# To do
From the entries below, copy out every line with "after" in it.

# Input material

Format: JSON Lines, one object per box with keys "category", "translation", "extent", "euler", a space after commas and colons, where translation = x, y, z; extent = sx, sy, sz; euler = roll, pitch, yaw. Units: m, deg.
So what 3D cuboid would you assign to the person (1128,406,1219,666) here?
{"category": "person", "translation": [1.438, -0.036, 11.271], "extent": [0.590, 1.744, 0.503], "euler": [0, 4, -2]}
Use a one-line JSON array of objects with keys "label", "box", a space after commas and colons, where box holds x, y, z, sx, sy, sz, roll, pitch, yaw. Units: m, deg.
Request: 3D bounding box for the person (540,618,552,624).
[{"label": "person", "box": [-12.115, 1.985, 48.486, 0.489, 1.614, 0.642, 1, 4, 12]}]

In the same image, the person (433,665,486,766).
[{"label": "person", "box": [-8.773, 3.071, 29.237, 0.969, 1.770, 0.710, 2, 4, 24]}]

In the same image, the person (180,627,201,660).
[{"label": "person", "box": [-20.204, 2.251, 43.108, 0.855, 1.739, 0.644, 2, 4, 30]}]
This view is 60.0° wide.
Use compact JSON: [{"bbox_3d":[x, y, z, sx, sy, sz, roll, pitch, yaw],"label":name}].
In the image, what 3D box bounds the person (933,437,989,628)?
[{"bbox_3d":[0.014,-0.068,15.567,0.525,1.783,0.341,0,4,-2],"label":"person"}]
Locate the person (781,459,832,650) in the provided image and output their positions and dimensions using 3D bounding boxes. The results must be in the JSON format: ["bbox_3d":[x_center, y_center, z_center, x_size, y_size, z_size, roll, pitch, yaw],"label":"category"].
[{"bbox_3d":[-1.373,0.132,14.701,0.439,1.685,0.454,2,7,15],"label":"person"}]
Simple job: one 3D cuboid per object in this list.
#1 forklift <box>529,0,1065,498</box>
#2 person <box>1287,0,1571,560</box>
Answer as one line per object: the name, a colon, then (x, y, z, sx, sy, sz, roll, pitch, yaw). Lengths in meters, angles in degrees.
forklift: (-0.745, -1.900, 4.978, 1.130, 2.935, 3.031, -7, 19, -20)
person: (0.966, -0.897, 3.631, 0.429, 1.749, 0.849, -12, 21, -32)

# Answer to this exercise
Format: JSON Lines, one object per box with keys "category", "translation", "extent", "euler", a space after commas and colons, where translation = x, y, z; extent = sx, sy, sz; euler = roll, pitch, yaw. Units: m, deg.
Use a one-line JSON array of objects with keys "label", "box", a space after commas and colons, where box holds x, y, z, sx, sy, sz, roll, pitch, yaw. Units: m, deg.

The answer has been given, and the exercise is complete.